**Exercise prompt**
Copy out all the lines of the data precisely, omitting any pictures.

----- Records supplied -----

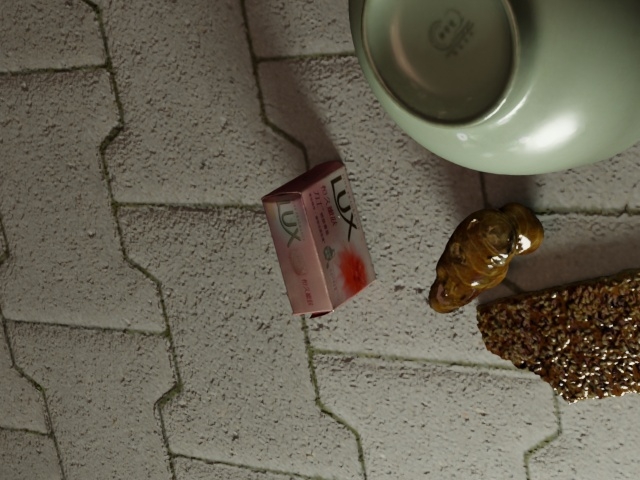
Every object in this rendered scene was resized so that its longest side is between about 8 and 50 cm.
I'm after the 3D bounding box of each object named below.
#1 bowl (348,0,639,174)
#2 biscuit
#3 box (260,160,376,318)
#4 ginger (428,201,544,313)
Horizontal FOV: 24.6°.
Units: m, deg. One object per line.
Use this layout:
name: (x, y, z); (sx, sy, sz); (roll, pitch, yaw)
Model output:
bowl: (0.159, -0.212, 1.392); (0.354, 0.185, 0.354); (16, 118, 33)
biscuit: (0.274, 0.108, 1.545); (0.237, 0.026, 0.131); (-16, 97, 40)
box: (0.000, 0.000, 1.658); (0.060, 0.111, 0.156); (-7, 106, 32)
ginger: (0.170, 0.009, 1.540); (0.073, 0.103, 0.162); (53, 141, 13)
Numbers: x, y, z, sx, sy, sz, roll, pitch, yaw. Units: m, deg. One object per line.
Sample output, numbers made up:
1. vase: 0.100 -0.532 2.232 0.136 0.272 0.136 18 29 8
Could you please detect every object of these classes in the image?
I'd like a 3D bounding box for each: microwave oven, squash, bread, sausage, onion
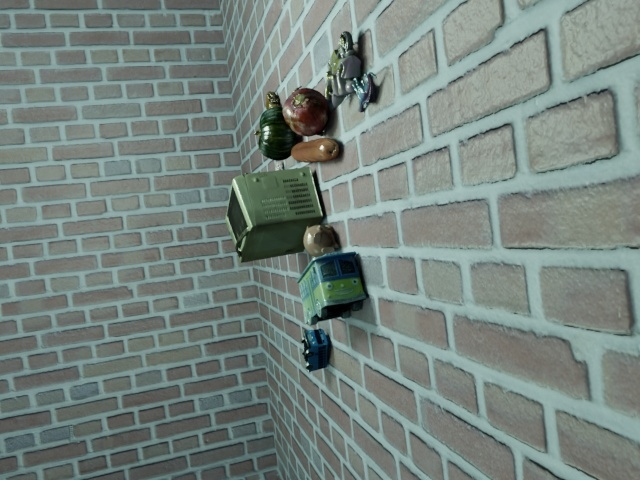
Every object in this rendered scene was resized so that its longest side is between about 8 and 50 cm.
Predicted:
1. microwave oven: -0.199 -0.104 2.084 0.394 0.333 0.247 123 134 -64
2. squash: -0.179 -0.439 2.155 0.218 0.173 0.218 5 -90 -77
3. bread: -0.218 -0.625 2.403 0.082 0.060 0.113 109 151 -56
4. sausage: -0.030 -0.316 1.856 0.433 0.088 0.087 -160 64 -71
5. onion: -0.036 -0.414 1.763 0.195 0.160 0.159 55 -168 -52

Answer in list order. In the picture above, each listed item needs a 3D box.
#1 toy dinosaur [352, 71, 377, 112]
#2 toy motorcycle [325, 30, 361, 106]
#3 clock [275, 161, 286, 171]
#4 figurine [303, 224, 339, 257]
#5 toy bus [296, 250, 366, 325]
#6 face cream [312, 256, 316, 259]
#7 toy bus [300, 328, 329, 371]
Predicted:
1. toy dinosaur: 0.119 -0.399 1.390 0.197 0.045 0.080 120 127 -75
2. toy motorcycle: 0.066 -0.469 1.489 0.225 0.073 0.152 116 140 -61
3. clock: -0.184 -0.319 2.455 0.087 0.041 0.129 113 141 -67
4. figurine: 0.000 0.000 1.852 0.138 0.125 0.125 -113 19 -77
5. toy bus: 0.030 0.165 1.746 0.312 0.152 0.190 125 135 -67
6. face cream: -0.019 0.111 2.095 0.034 0.034 0.130 -136 41 -65
7. toy bus: -0.021 0.442 2.119 0.090 0.106 0.184 -109 14 -44
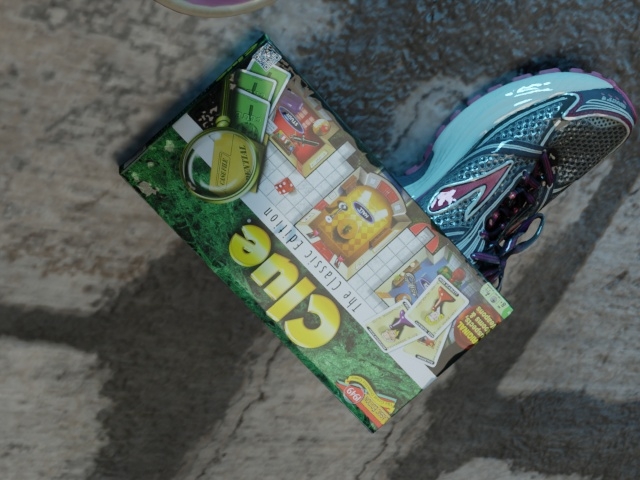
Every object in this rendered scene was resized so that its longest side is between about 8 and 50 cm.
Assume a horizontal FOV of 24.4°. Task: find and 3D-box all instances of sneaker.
[{"bbox_3d":[0.116,-0.015,1.119,0.299,0.112,0.121,-35,139,-3],"label":"sneaker"}]

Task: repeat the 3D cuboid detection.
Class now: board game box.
[{"bbox_3d":[0.000,0.000,1.013,0.136,0.030,0.260,-42,106,7],"label":"board game box"}]

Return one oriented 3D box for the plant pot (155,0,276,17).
[{"bbox_3d":[-0.076,-0.213,0.750,0.201,0.180,0.201,-19,135,-20],"label":"plant pot"}]
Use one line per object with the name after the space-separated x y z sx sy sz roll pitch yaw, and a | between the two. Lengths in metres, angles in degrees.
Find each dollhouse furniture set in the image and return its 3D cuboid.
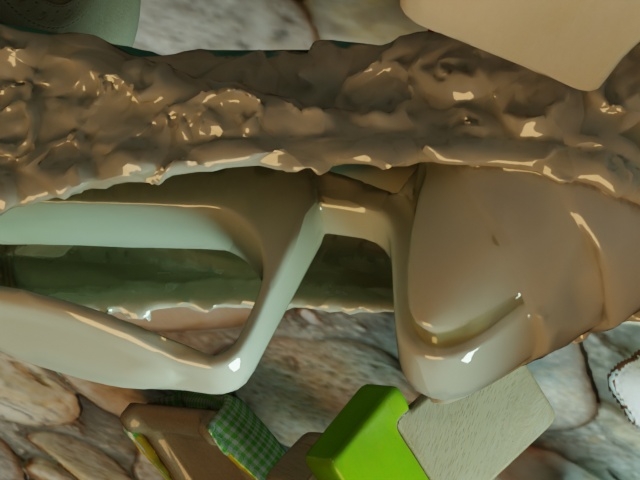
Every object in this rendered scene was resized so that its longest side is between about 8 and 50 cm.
0.036 0.144 1.117 0.198 0.151 0.301 58 156 -14 | dollhouse furniture set

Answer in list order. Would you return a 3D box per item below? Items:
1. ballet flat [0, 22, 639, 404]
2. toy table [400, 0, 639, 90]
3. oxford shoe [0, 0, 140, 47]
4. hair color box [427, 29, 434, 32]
0.000 0.000 0.690 0.408 0.147 0.147 1 145 5 | ballet flat
0.169 -0.083 0.550 0.274 0.252 0.161 30 133 9 | toy table
-0.094 -0.178 0.654 0.146 0.141 0.397 8 148 10 | oxford shoe
0.094 -0.052 0.780 0.043 0.072 0.141 -1 142 32 | hair color box
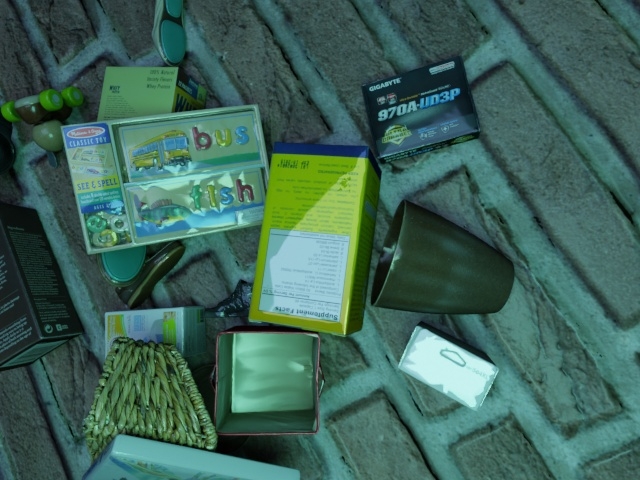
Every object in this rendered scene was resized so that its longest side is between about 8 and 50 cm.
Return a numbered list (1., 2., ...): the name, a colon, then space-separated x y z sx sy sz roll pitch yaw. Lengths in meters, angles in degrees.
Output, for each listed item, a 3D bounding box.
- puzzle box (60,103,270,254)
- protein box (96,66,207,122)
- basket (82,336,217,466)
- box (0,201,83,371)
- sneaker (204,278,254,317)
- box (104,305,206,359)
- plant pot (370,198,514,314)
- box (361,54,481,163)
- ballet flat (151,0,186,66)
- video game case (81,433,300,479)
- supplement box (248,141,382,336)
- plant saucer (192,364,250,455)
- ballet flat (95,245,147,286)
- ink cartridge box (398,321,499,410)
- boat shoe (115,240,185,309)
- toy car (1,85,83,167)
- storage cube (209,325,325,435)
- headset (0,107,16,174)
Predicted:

-----

**Written answer**
Every object in this rendered scene was resized so that its longest side is between about 8 and 50 cm.
I'm after the 3D bounding box of each object named below.
#1 bowl (348,0,639,174)
#2 biscuit
#3 box (260,160,376,318)
#4 ginger (428,201,544,313)
Horizontal FOV: 24.6°.
Units: m, deg. One object per line.
Use this layout:
name: (x, y, z); (sx, sy, sz); (roll, pitch, yaw)
Model output:
bowl: (0.159, -0.212, 1.392); (0.354, 0.185, 0.354); (16, 118, 33)
biscuit: (0.274, 0.108, 1.545); (0.237, 0.026, 0.131); (-16, 97, 40)
box: (0.000, 0.000, 1.658); (0.060, 0.111, 0.156); (-7, 106, 32)
ginger: (0.170, 0.009, 1.540); (0.073, 0.103, 0.162); (53, 141, 13)
Numbers: x, y, z, sx, sy, sz, roll, pitch, yaw. Units: m, deg. One object per line.
Sample output, numbers made up:
1. vase: 0.100 -0.532 2.232 0.136 0.272 0.136 18 29 8
Could you please detect every object of these classes in the image?
I'd like a 3D bounding box for each: microwave oven, squash, bread, sausage, onion
Every object in this rendered scene was resized so that its longest side is between about 8 and 50 cm.
Predicted:
1. microwave oven: -0.199 -0.104 2.084 0.394 0.333 0.247 123 134 -64
2. squash: -0.179 -0.439 2.155 0.218 0.173 0.218 5 -90 -77
3. bread: -0.218 -0.625 2.403 0.082 0.060 0.113 109 151 -56
4. sausage: -0.030 -0.316 1.856 0.433 0.088 0.087 -160 64 -71
5. onion: -0.036 -0.414 1.763 0.195 0.160 0.159 55 -168 -52

Answer in list order. In the picture above, each listed item needs a 3D box.
#1 toy dinosaur [352, 71, 377, 112]
#2 toy motorcycle [325, 30, 361, 106]
#3 clock [275, 161, 286, 171]
#4 figurine [303, 224, 339, 257]
#5 toy bus [296, 250, 366, 325]
#6 face cream [312, 256, 316, 259]
#7 toy bus [300, 328, 329, 371]
Predicted:
1. toy dinosaur: 0.119 -0.399 1.390 0.197 0.045 0.080 120 127 -75
2. toy motorcycle: 0.066 -0.469 1.489 0.225 0.073 0.152 116 140 -61
3. clock: -0.184 -0.319 2.455 0.087 0.041 0.129 113 141 -67
4. figurine: 0.000 0.000 1.852 0.138 0.125 0.125 -113 19 -77
5. toy bus: 0.030 0.165 1.746 0.312 0.152 0.190 125 135 -67
6. face cream: -0.019 0.111 2.095 0.034 0.034 0.130 -136 41 -65
7. toy bus: -0.021 0.442 2.119 0.090 0.106 0.184 -109 14 -44
Every object in this rendered scene was resized so that its longest side is between about 8 and 50 cm.
Assume a horizontal FOV of 24.4°. Task: find and 3D-box all instances of sneaker.
[{"bbox_3d":[0.116,-0.015,1.119,0.299,0.112,0.121,-35,139,-3],"label":"sneaker"}]

Task: repeat the 3D cuboid detection.
Class now: board game box.
[{"bbox_3d":[0.000,0.000,1.013,0.136,0.030,0.260,-42,106,7],"label":"board game box"}]

Return one oriented 3D box for the plant pot (155,0,276,17).
[{"bbox_3d":[-0.076,-0.213,0.750,0.201,0.180,0.201,-19,135,-20],"label":"plant pot"}]
Use one line per object with the name after the space-separated x y z sx sy sz roll pitch yaw, and a | between the two. Lengths in metres, angles in degrees.
Find each dollhouse furniture set in the image and return its 3D cuboid.
Every object in this rendered scene was resized so that its longest side is between about 8 and 50 cm.
0.036 0.144 1.117 0.198 0.151 0.301 58 156 -14 | dollhouse furniture set

Answer in list order. Would you return a 3D box per item below? Items:
1. ballet flat [0, 22, 639, 404]
2. toy table [400, 0, 639, 90]
3. oxford shoe [0, 0, 140, 47]
4. hair color box [427, 29, 434, 32]
0.000 0.000 0.690 0.408 0.147 0.147 1 145 5 | ballet flat
0.169 -0.083 0.550 0.274 0.252 0.161 30 133 9 | toy table
-0.094 -0.178 0.654 0.146 0.141 0.397 8 148 10 | oxford shoe
0.094 -0.052 0.780 0.043 0.072 0.141 -1 142 32 | hair color box
Every object in this rendered scene was resized so that its longest side is between about 8 and 50 cm.
Return a numbered list (1., 2., ...): the name, a colon, then space-separated x y z sx sy sz roll pitch yaw. Lengths in meters, angles in degrees.
Output, for each listed item, a 3D bounding box.
- puzzle box (60,103,270,254)
- protein box (96,66,207,122)
- basket (82,336,217,466)
- box (0,201,83,371)
- sneaker (204,278,254,317)
- box (104,305,206,359)
- plant pot (370,198,514,314)
- box (361,54,481,163)
- ballet flat (151,0,186,66)
- video game case (81,433,300,479)
- supplement box (248,141,382,336)
- plant saucer (192,364,250,455)
- ballet flat (95,245,147,286)
- ink cartridge box (398,321,499,410)
- boat shoe (115,240,185,309)
- toy car (1,85,83,167)
- storage cube (209,325,325,435)
- headset (0,107,16,174)
Predicted:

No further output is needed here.